BACKGROUND Anti-platelet and anti-coagulant adjunctive therapies are associated with a clinically significant increased risk of major bleeding. We retrospectively assessed in-hospital major adverse clinical events (MACE) and major bleeding in patients undergoing percutaneous coronary intervention (PCI) who received either unfractionated heparin (UFH) or bivalirudin. METHOD Consecutive patients undergoing PCI for acute coronary syndrome (ACS) at Fremantle Hospital from August 2008 to December 2013 were identified.
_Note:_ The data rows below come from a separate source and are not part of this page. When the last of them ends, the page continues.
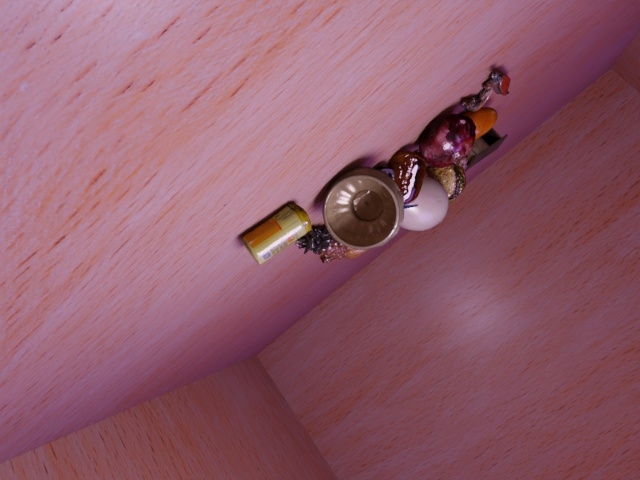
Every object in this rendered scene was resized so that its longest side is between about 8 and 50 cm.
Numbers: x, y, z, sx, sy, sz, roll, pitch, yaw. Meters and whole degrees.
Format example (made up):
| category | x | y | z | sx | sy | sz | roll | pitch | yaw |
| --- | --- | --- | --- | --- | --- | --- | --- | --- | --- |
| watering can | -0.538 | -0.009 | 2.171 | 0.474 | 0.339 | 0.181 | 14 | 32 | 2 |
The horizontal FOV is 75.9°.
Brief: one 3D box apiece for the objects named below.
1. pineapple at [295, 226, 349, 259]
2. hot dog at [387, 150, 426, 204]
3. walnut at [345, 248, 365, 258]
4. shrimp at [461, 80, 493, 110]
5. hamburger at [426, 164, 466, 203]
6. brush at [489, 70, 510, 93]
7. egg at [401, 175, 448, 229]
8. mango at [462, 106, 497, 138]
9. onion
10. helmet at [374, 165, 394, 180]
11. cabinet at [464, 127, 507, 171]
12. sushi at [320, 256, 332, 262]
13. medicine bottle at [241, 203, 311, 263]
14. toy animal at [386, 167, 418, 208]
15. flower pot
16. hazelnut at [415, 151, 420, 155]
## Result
| category | x | y | z | sx | sy | sz | roll | pitch | yaw |
| --- | --- | --- | --- | --- | --- | --- | --- | --- | --- |
| pineapple | 0.000 | 0.000 | 1.815 | 0.169 | 0.169 | 0.341 | -43 | 152 | 21 |
| hot dog | 0.356 | -0.261 | 1.716 | 0.099 | 0.161 | 0.226 | -76 | 180 | -69 |
| walnut | 0.174 | -0.008 | 2.107 | 0.226 | 0.193 | 0.193 | -35 | 166 | 4 |
| shrimp | 0.649 | -0.594 | 1.691 | 0.251 | 0.052 | 0.143 | -31 | 154 | -46 |
| hamburger | 0.662 | -0.323 | 2.180 | 0.139 | 0.243 | 0.261 | -11 | 151 | -19 |
| brush | 0.724 | -0.641 | 1.662 | 0.323 | 0.051 | 0.070 | -13 | 121 | -59 |
| egg | 0.476 | -0.188 | 2.063 | 0.345 | 0.283 | 0.283 | -2 | 145 | -39 |
| mango | 0.706 | -0.530 | 1.853 | 0.252 | 0.126 | 0.154 | -30 | 175 | -29 |
| onion | 0.533 | -0.392 | 1.684 | 0.252 | 0.219 | 0.252 | -27 | 157 | -12 |
| helmet | 0.245 | -0.261 | 1.688 | 0.098 | 0.070 | 0.123 | 6 | 129 | -26 |
| cabinet | 0.749 | -0.484 | 1.998 | 0.215 | 0.174 | 0.148 | -35 | 165 | -8 |
| sushi | 0.043 | 0.104 | 2.371 | 0.118 | 0.060 | 0.061 | -25 | 156 | -43 |
| medicine bottle | -0.145 | -0.028 | 1.407 | 0.239 | 0.124 | 0.124 | -36 | 166 | -9 |
| toy animal | 0.323 | -0.213 | 1.856 | 0.256 | 0.239 | 0.176 | -4 | -127 | 52 |
| flower pot | 0.171 | -0.129 | 1.559 | 0.307 | 0.307 | 0.244 | -43 | 180 | 21 |
| hazelnut | 0.431 | -0.357 | 1.841 | 0.086 | 0.086 | 0.086 | -35 | 165 | -10 |
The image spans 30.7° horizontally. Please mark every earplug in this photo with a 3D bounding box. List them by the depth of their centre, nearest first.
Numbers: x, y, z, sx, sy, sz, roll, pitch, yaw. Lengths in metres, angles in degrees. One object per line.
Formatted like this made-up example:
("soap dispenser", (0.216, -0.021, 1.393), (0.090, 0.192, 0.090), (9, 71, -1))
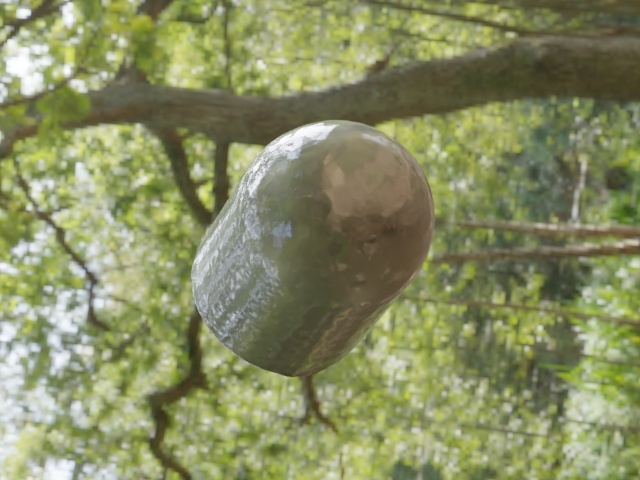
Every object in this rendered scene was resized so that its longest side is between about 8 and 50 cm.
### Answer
("earplug", (0.000, 0.000, 1.771), (0.394, 0.313, 0.312), (128, 157, -58))
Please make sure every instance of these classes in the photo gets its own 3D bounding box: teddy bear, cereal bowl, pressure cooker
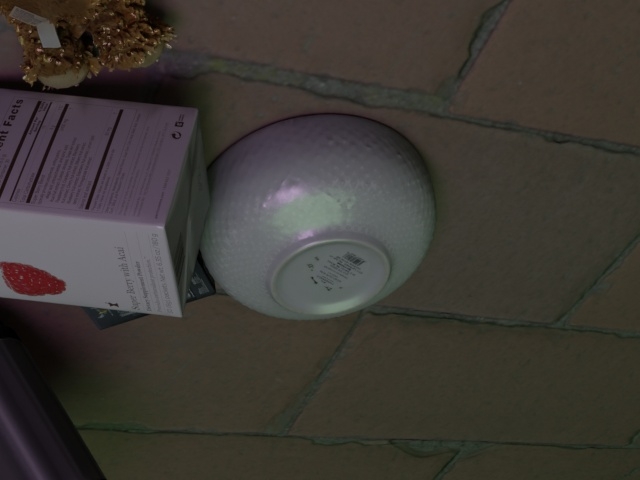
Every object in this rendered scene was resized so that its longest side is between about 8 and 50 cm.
[{"bbox_3d":[-0.273,-0.275,0.911,0.245,0.113,0.338,-18,145,26],"label":"teddy bear"},{"bbox_3d":[0.000,0.000,1.256,0.339,0.141,0.339,-6,139,-6],"label":"cereal bowl"},{"bbox_3d":[-0.529,0.293,1.261,0.370,0.420,0.375,-39,167,20],"label":"pressure cooker"}]

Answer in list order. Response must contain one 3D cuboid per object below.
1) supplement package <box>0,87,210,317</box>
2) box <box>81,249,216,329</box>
[{"bbox_3d":[-0.288,-0.043,1.042,0.293,0.175,0.177,6,144,4],"label":"supplement package"},{"bbox_3d":[-0.267,0.017,1.266,0.184,0.059,0.232,-18,139,4],"label":"box"}]
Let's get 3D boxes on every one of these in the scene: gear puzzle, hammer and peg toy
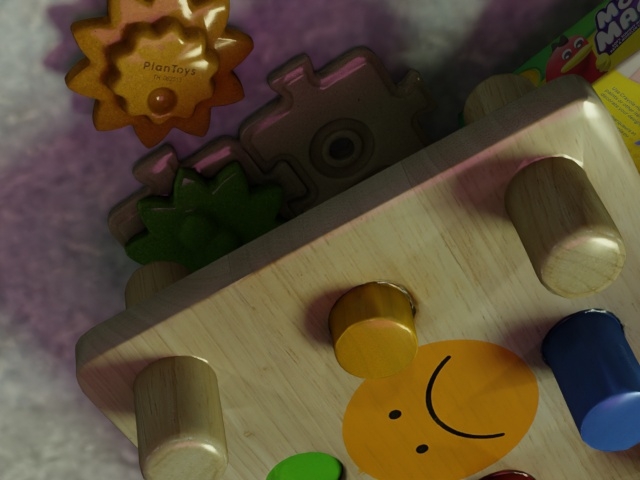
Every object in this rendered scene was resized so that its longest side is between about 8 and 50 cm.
[{"bbox_3d":[0.000,0.000,0.669,0.175,0.044,0.339,-33,125,6],"label":"gear puzzle"},{"bbox_3d":[0.086,0.105,0.657,0.266,0.127,0.361,-29,127,10],"label":"hammer and peg toy"}]

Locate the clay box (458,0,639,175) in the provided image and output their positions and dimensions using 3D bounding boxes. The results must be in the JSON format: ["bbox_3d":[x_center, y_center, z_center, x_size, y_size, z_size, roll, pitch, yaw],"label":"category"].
[{"bbox_3d":[0.188,-0.075,0.629,0.127,0.053,0.222,30,130,-30],"label":"clay box"}]

Patients received dual antiplatelet therapy (DAPT), with either UFH (50-100IU/kg) or bivalirudin (bolus 0.75mg/kg and infusion 1.75mg/kg/hr). Adjunctive glycoprotein IIb/IIIa (GPIIbIIIa) antagonist use was at the operators discretion. In-hospital events were identified from case notes and PCI database review. RESULTS Of 3371 patients identified, 1740 received UFH and 1631 received bivalirudin. The two groups were similar with respect to age, 62.5 SD 12.1 yrs vs. 62.8 SD 12.2 yrs, (p=0.575) female gender, 24% vs. 26% (p=0.10), current smokers, 66% vs. 70% (p=0.53), diabetes, 25% vs. 26% (p=0.62) and the use of DAPT (p=ns). Presentation with ST-segment-elevation myocardial infarction (STEMI) was significantly higher in the UFH group (28% vs. 19%, p<0.001). The use of transfemoral arterial access was similar (93% UFH vs. 92% bivalirudin) (p=0.41). More patients received GPIIb/IIIa antagonist in the UFH group (30% vs. 3%; p <0.001). There was no difference in pre-discharge acute stent thrombosis (<24hours) occurring in 1.0% with UFH vs. 0.5% with bivalirudin (p=0.20). The equipoise on the outcomes of stent thrombosis persisted after multivariate adjustment for difference in rates of STEMI. In-hospital BARC Type 1-3 major bleeding occurred in 3.7% in the UFH group vs. 2.9% in the bivalirudin group (p=0.20). CONCLUSION Unfractionated heparin compared with bivalirudin was not associated with a higher incidence of in-hospital MACE or major bleeding in a cohort with overall high rates of transfemoral access, despite significantly higher use of GPIIb/IIIa antagonists in the UFH group.